The seasonal component is said to have *constant seasonal variation* if the scaling factors satisfy \(\lambda_{k} = 1\) for all \(k\). In other words, \(S_{t+m} = S_{t}\) for all \(t\). The constant variation is an assumption of most modeling techniques we will be using in this course. Unfortunately, many real seasonal time series do not have this constancy property and it is necessary to first perform a *variance-stabilizing transformation* to modify the original time series into one with constant variation. To some extent, this is a matter of trial and error, where we work from ‘weaker’ transformations to ‘stronger’ transformations as needed. Typically, power transformations are used \(Y_{t} \rightarrow Y^{\lambda}_{t}\), where \(0 < \lambda < 1\) or, log or even log log transformations, e.g., \(Y_{t} \rightarrow \log Y_{t}\).

The log transformation of \(Y_t\) is convenient when we assume not an additive model as Equation 3.1 is, but a multiplicative model as \[
Y_t = M_t \cdot S_t \cdot \epsilon_t.
\tag{3.2}\] When applying variance-stabilizing log transformation to Equation 3.2, we get an additive result: \[
\log Y_t = \log M_t + \log S_t + \log \epsilon_t,
\tag{3.3}\] which is now similar to Equation 3.1. We will refer to Equation 3.1 as *additive seasonality*, and to Equation 3.2 as *multiplicative seasonality*. Only a few methods can deal with the multiplicative case Equation 3.2 directly; most methods we consider in this course will require us to apply a transformation as in Equation 3.3.

In the following sections, we consider methods for the estimation and elimination of \(M_t\) (for non-seasonal data, when \(S_t = 0\) in the additive case Equation 3.1 or \(S_t = 1\) in the multiplicative case Equation 3.2) and of both \(M_t\) and \(S_t\) (for seasonal data).

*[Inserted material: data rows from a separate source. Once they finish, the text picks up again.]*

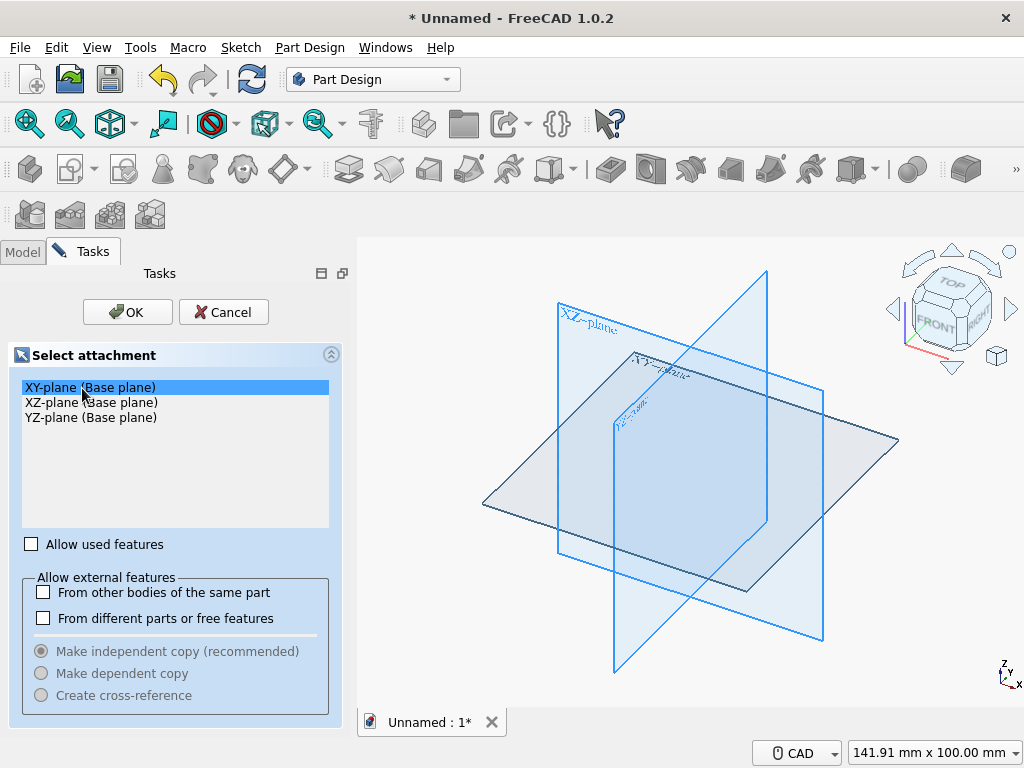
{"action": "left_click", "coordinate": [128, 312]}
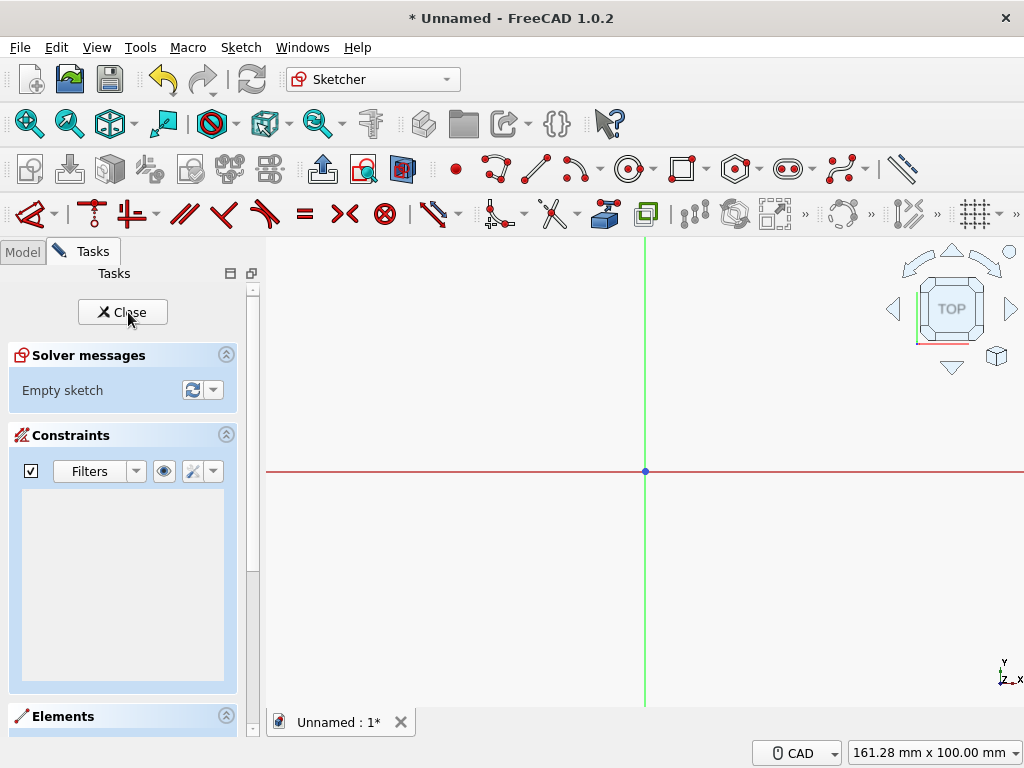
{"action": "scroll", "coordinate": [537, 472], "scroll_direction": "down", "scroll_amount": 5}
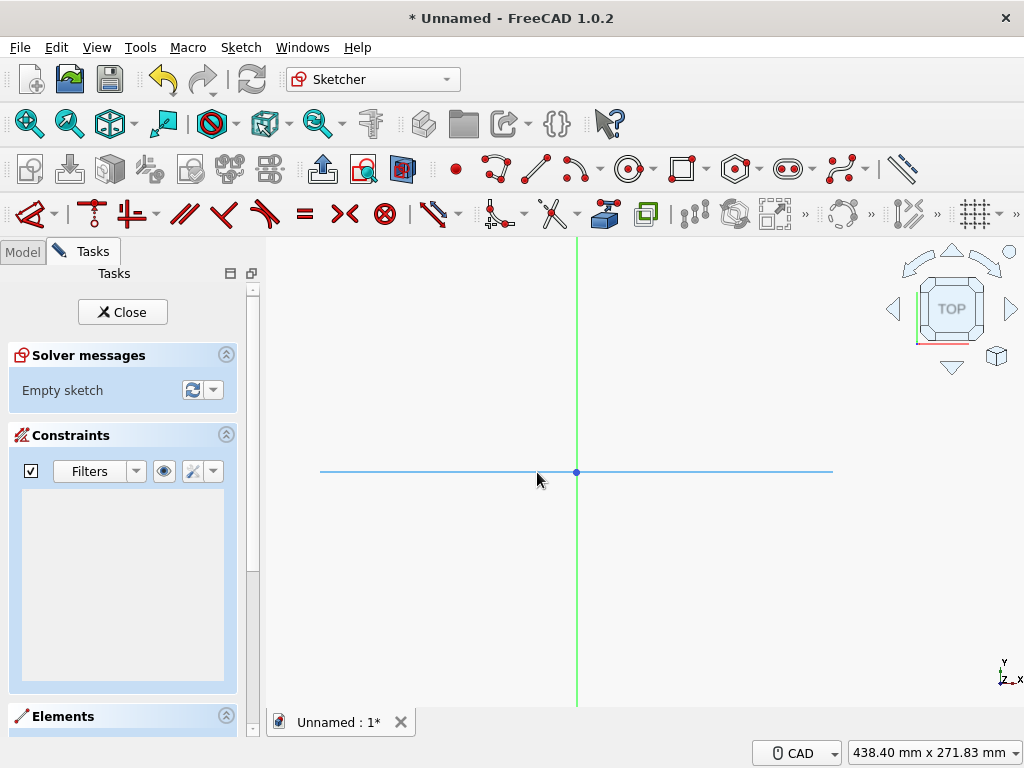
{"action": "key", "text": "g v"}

## 3.2 Finite moving average smoothing

The non-seasonal model with a trend: \[ Y_t = M_t + \epsilon_t, \] where \(\mathrm{E}(\epsilon_t)=0\) and \(t=1,\dots,n\).

Let \(q\) be a nonnegative integer (\(q \in \mathbb{N}^{+}\)) and consider the *two-sided moving average* of the series \(Y_t\): \[
\begin{split}
W_t &= \frac{1}{2q+1}\sum_{j=-q}^q Y_{t-j}\\
&= \frac{1}{2q+1}\sum_{j=-q}^q M_{t-j} + \frac{1}{2q+1}\sum_{j=-q}^q \epsilon_{t-j} \\
&\approx M_t,
\end{split}
\tag{3.4}\] where \(w = 2q+1\) is the size of the moving window. Note that the above approximation is correct if the average value of \(\epsilon_{t}\) within each window is close to 0 (important for selecting \(q\)).

There are multiple ways to calculate moving averages in R, and formulas for \(W_t\) may vary. If using someone’s else functions, remember to read the help files or source code to find out the exact formula in place of Equation 3.4. Below are some examples.

For example, `forecast::ma()`

has the default option `centre = TRUE`

, and the `order`

argument represents the window size. Odd `order`

and `centre = TRUE`

correspond exactly to our definitions in Equation 3.4:

`forecast::ma(shampoo, order = 5)`

```
#> Jan Feb Mar Apr May Jun Jul Aug Sep Oct Nov Dec
#> 1 NA NA 179 159 177 185 200 188 222 213 206 198
#> 2 215 203 204 222 238 256 260 306 301 324 332 362
#> 3 341 376 387 407 434 452 501 516 544 559 NA NA
```

For example, `pracma::movavg()`

averages the last `n`

data points:

`pracma::movavg(shampoo, n = 5)`

```
#> [1] 266 206 198 179 179 159 177 185 200 188 222 213 206 198 215 203 204 222 238
#> [20] 256 260 306 301 324 332 362 341 376 387 407 434 452 501 516 544 559
```

The base-R function `stats::filter()`

can also be used. Its odd window size and `sides = 2`

correspond to our definitions in Equation 3.4:

```
#> Jan Feb Mar Apr May Jun Jul Aug Sep Oct Nov Dec
#> 1 NA NA 179 159 177 185 200 188 222 213 206 198
#> 2 215 203 204 222 238 256 260 306 301 324 332 362
#> 3 341 376 387 407 434 452 501 516 544 559 NA NA
```

The `sides = 1`

in `stats::filter()`

corresponds to the `pracma::movavg()`

results above:

```
#> Jan Feb Mar Apr May Jun Jul Aug Sep Oct Nov Dec
#> 1 NA NA NA NA 179 159 177 185 200 188 222 213
#> 2 206 198 215 203 204 222 238 256 260 306 301 324
#> 3 332 362 341 376 387 407 434 452 501 516 544 559
```

See Figure 3.2 and Figure 3.3 for the effects of the window size.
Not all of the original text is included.